Ergens wisten we dat al wel. Want iedereen heeft het wellicht al eens ervaren: je verdedigingssysteem gaat soms een heel andere kant op dan het vechten of vluchten. Je reageert dan door helemaal niet te reageren. Ik geef je een voorbeeld:

  • Ria vertelt over een nare ervaring die ze niet uit haar hoofd kan zetten. Het is niet zozeer de situatie zelf die haar verontrust maar wel het feit dat haar lichaam haar in de steek liet op het moment dat ze het nodig had. Ze was samen met haar man op een feestje. Daar haar man te veel gedronken had reed zij met de auto naar huis. Haar man zat achteraan in de auto en was in slaap gevallen. Aan een rood licht, werd op haar ruit geklopt en begon een groepje jongeren de duwen tegen haar wagen. Ze verstijfde van angst. Ze riep op haar man om hem wakker te maken. Maar er kwam geen geluid uit haar keel. Ze maakte wel kramachtige mondbewegingen, maar hoe ze ook probeerde, geluid was er niet. Dat was zo beangstigend dat ze toen het licht op groen sprong ze ook niet in actie kon komen om haar voet op het gaspedaal te zetten. Pas toen er een auto achter haar kwam aangereden, de jongeren wegliepen en de auto begon te claxonneren, kwam ze bij haar zinnen en kwam ze in actie.

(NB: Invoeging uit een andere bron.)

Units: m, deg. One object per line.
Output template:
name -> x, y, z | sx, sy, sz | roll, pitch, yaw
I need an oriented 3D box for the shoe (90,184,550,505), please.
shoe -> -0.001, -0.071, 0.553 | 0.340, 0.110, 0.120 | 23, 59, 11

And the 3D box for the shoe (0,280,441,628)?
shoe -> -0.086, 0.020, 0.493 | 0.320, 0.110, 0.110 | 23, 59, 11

Zoals je merkt treedt het verstarren in dit voorbeeld op tijdens een moment waarbij dat eigenlijk niet gewenst is. Tot Porges zijn theorie, was het echter niet duidelijk vanwaar dat ‘ongelukkige’ reflexmatige gedrag kwam. Bovendien werd de rol van dit oeroude verdedigingssysteem dat zorgt voor deze bewustzijnsverlaging ferm onderschat. Dat is nochtans geen goed idee als je weet dat het veel moeilijker is om uit deze immobiliserende stresstoestand te geraken, dan uit de mobiliserende vecht- en vlucht stresstoestanden.

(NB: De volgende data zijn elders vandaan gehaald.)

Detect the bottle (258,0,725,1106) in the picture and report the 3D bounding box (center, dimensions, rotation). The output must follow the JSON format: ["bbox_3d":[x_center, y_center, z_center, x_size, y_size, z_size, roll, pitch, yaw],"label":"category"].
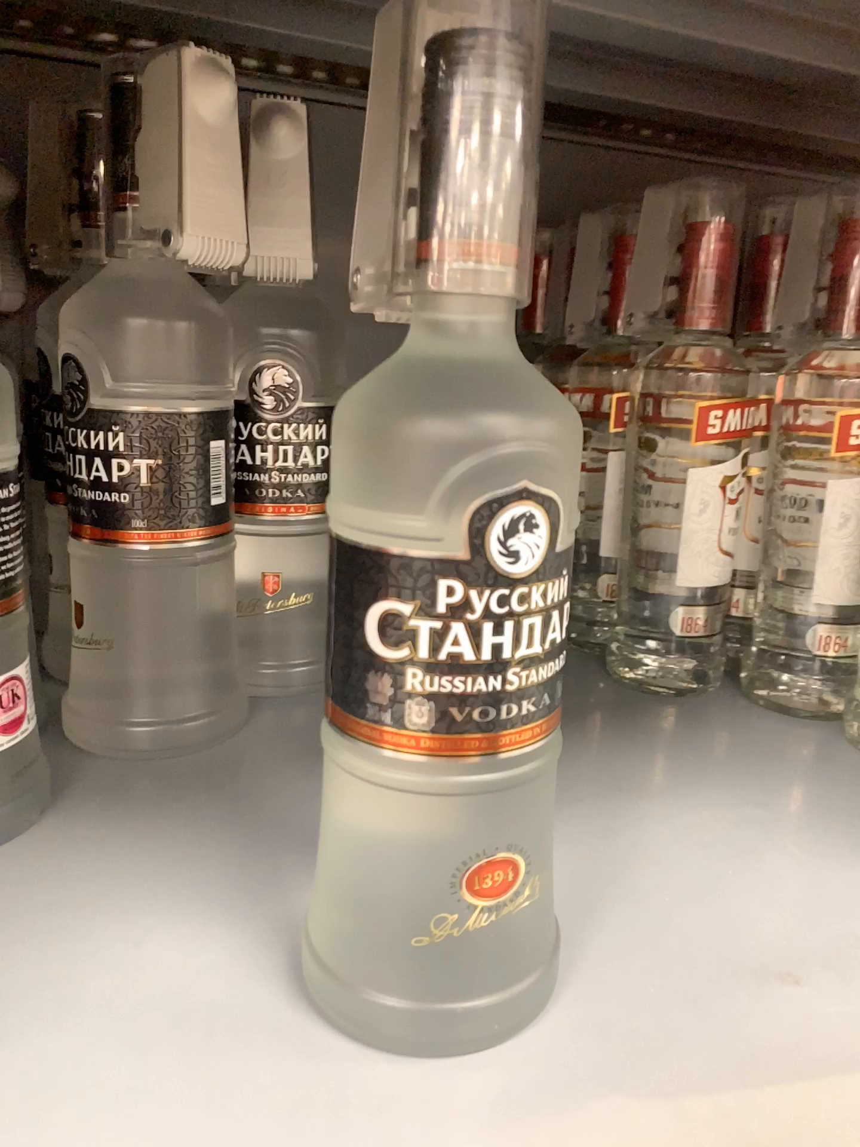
[{"bbox_3d":[0.005,-0.011,0.262,0.092,0.288,0.088,2,13,-1],"label":"bottle"}]

De werking van ons zenuwstelsel is dus heel wat complexer, genuanceerder en vooral ook veel interessanter. Ook Porges zelf stelt de werking volgens critici nog te simpel voort, bijkomend onderzoek is zeker nog nodig. Zeker als we willen weten wat belangrijk is om goed te blijven functioneren in een vuca-wereld en werkomgeving.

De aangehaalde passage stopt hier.